Ravenscroft, Gianina
Akbarian, Schahram
Eberle, Michael A.
Boycott, Kym M.
Pastinen, Tomi
Brais, Bernard
Zuchner, Stephan
Danzi, Matt C.
Source :: Nature Genetics; 20240101, Issue: Preprints p1-5, 5p
Publication Year :: 2024
Abstract: The factors driving or preventing pathological expansion of tandem repeats remain largely unknown. Here, we assessed the FGF14(GAA)·(TTC) repeat locus in 2,530 individuals by long-read and Sanger sequencing and identified a common 5′-flanking variant in 70.34% of alleles analyzed (3,463/4,923) that represents the phylogenetically ancestral allele and is present on all major haplotypes.
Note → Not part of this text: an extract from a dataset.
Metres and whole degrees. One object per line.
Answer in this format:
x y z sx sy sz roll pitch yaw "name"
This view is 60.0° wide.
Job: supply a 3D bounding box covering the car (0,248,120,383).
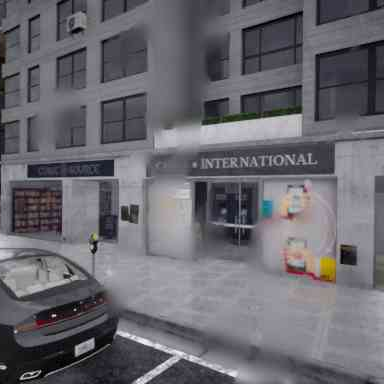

This common sequence variation is present nearly exclusively on nonpathogenic alleles with fewer than 30 GAA-pure triplets and is associated with enhanced stability of the repeat locus upon intergenerational transmission and increased Fiber-seq chromatin accessibility.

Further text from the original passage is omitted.